Blue?

Jul 16, 2004 23:05

I did not go to work today. My back didnt allow me to.
I found out lastnight that my grandpa had checked himself into the hospital cuz he wasnt feeling well. Today we found out at 6 o'clock that he only has 3 or 4 months left to live because he has pancriotic cancer and it has moved to his liver.
Now im physically hurt from my back but I dont know what nor how to feel about this? Any suggestions??? cuz ive got nothin. I have never had to deal with death in my life. So that is what im going to do, is not deal. Pretending like it isnt going to happen always seems to work for me. Plus its the only way I know how to make things better...or better yet, not even there.

"Ignorance is Bliss"

I guess this is the only information you like to receive from me. Cuz it seems to be the only info that you respond to. The road does go both ways, stop heading away from me please.

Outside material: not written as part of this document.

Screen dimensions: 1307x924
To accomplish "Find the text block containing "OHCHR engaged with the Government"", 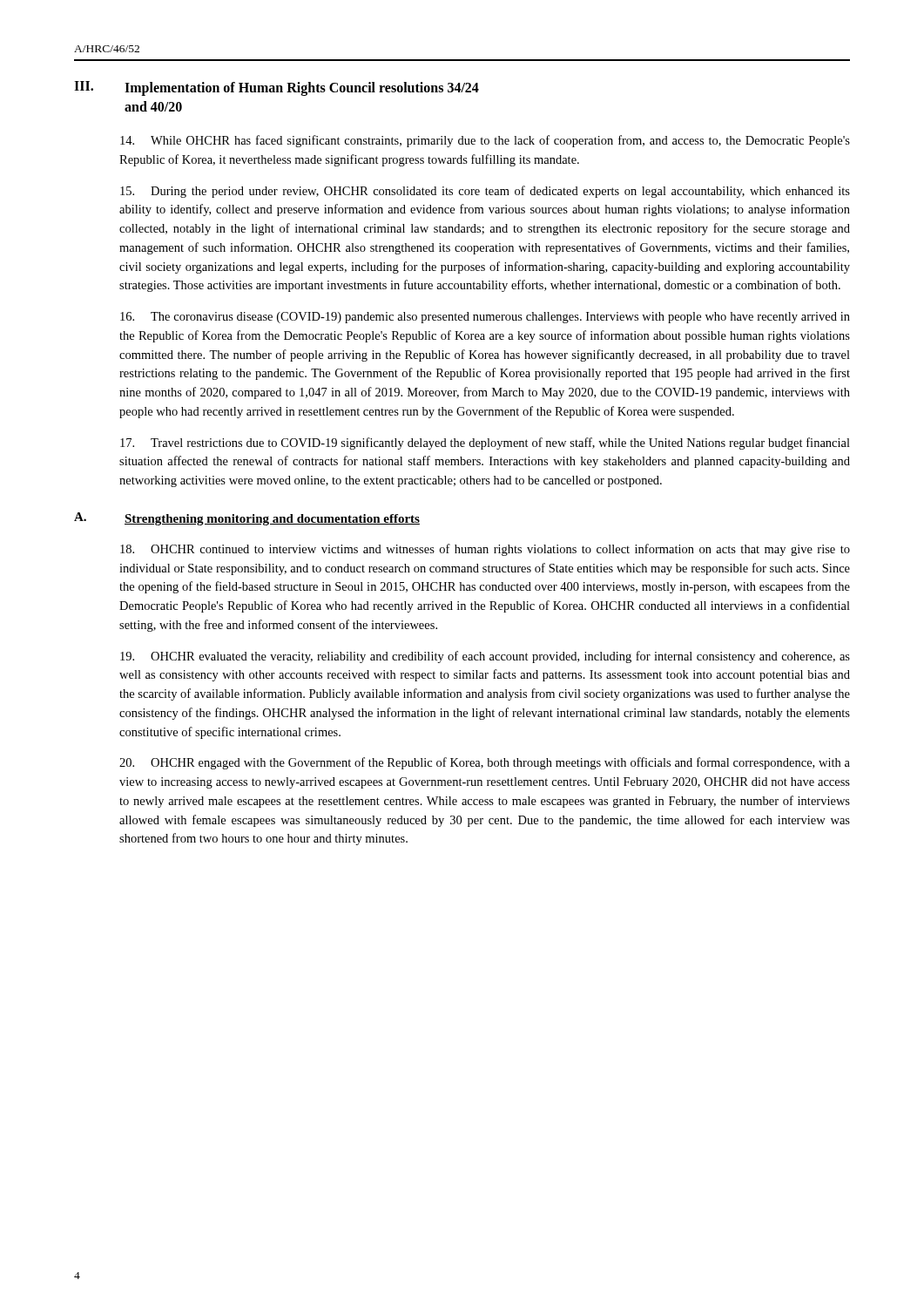I will coord(485,800).

You used to be my best friend for a long time. Now I have found someone new. We talk atleast 6 out of 7 nights of the week. Some times {more often than not} we talk for 3-5 hours, just about stuff. But there is still that one problem...distance. That physical contact of a hug, or just the smile on there face makes that much of a difference in the way that I feel. Planning? hum..its friday night? ?Where are you? Even I know this, because it was planned ahead of time. EVERY WEEK. ¿ <--odd?